**SUPPLIED ENTRIES:**

=== Begin Enclosure ===

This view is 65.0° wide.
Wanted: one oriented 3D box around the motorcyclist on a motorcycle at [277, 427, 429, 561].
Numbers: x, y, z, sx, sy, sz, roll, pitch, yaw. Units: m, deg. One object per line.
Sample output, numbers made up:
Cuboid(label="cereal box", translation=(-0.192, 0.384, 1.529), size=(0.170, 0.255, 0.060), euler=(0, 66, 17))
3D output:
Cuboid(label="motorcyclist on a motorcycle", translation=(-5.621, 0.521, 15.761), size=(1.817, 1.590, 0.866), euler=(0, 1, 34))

=== End Enclosure ===
=== Begin Enclosure ===

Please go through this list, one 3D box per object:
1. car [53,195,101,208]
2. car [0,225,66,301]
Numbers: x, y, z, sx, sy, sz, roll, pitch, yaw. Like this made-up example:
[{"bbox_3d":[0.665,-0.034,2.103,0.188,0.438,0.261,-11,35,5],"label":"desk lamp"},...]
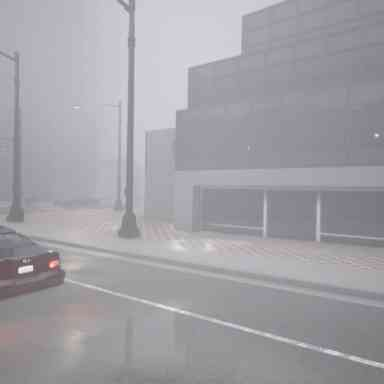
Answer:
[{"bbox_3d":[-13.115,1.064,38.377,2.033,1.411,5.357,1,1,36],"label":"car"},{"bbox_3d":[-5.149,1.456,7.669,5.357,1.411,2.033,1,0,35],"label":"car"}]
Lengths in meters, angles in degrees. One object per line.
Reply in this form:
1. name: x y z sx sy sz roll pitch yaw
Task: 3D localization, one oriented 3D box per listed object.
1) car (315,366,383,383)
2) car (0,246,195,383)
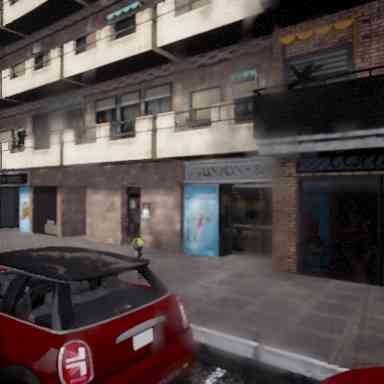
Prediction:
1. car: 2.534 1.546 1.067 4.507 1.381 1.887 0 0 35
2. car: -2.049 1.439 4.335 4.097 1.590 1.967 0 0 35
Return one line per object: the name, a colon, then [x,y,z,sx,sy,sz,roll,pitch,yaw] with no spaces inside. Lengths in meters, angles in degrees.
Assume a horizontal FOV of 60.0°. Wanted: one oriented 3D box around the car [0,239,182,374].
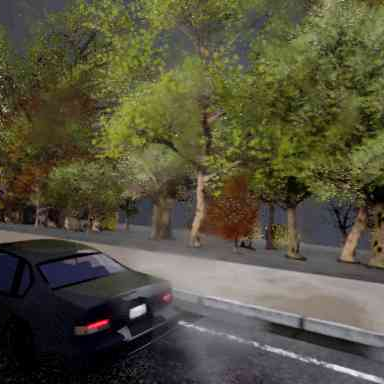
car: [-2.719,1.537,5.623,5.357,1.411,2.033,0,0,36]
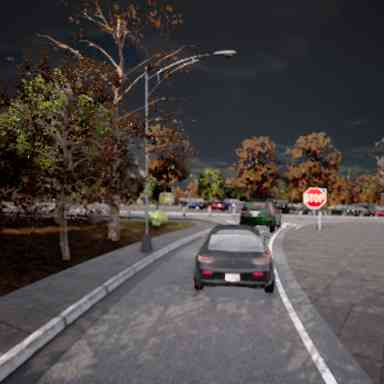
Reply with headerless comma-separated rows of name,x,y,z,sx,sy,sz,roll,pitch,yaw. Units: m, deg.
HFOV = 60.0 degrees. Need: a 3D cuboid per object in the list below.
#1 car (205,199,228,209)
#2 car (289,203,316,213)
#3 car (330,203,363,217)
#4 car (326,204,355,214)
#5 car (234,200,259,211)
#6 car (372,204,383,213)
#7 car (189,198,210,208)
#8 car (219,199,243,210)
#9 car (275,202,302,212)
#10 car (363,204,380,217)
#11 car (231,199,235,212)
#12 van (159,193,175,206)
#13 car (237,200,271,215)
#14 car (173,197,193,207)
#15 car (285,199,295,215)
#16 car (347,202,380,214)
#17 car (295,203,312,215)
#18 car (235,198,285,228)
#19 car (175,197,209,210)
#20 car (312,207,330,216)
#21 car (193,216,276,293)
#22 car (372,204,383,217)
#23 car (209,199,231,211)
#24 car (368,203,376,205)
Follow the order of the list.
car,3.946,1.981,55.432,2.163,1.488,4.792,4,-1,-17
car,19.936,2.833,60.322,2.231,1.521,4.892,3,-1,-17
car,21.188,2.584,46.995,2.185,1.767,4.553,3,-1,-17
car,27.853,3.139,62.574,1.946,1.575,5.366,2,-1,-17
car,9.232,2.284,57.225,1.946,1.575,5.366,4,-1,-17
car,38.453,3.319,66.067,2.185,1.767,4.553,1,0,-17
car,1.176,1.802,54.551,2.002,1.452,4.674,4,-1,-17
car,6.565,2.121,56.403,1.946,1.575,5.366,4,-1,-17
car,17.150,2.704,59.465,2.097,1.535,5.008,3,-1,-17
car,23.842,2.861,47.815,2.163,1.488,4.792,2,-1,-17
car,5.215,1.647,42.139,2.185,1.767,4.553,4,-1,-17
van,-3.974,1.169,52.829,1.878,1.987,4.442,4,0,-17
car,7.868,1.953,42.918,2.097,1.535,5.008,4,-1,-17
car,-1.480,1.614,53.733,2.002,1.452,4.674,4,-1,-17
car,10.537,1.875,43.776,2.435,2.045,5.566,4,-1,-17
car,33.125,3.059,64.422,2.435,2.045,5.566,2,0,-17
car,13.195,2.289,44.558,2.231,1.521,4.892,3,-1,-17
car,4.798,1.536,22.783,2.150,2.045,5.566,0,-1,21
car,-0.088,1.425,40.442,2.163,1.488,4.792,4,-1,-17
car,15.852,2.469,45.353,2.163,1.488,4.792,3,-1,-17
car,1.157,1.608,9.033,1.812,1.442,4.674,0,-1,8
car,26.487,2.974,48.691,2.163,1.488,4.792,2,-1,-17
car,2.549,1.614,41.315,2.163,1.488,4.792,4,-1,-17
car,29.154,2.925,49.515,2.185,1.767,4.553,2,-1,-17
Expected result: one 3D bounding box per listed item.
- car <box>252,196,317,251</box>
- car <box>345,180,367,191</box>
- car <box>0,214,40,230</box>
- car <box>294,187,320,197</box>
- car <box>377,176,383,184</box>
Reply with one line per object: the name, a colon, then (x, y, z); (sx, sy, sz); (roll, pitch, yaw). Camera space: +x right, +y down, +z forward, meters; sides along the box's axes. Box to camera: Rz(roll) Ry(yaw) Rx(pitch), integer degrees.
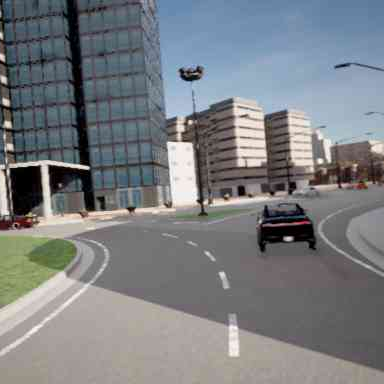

=== End Enclosure ===

**REQUIRED WORK:**
Wherever a line of the entries holds the string "colon", copy that line.

**SOLUTION TO THIS EXERCISE:**
Return one line per object: the name, a colon, then [x,y,z,sx,sy,sz,roll,pitch,yaw] with no spaces inside. Lengths in meters, angles in degrees.
Reply with one line per object: the name, a colon, then (x, y, z); (sx, sy, sz); (roll, pitch, yaw). Camera space: +x right, +y down, +z forward, meters; sides along the box's axes. Box to camera: Rz(roll) Ry(yaw) Rx(pitch), integer degrees.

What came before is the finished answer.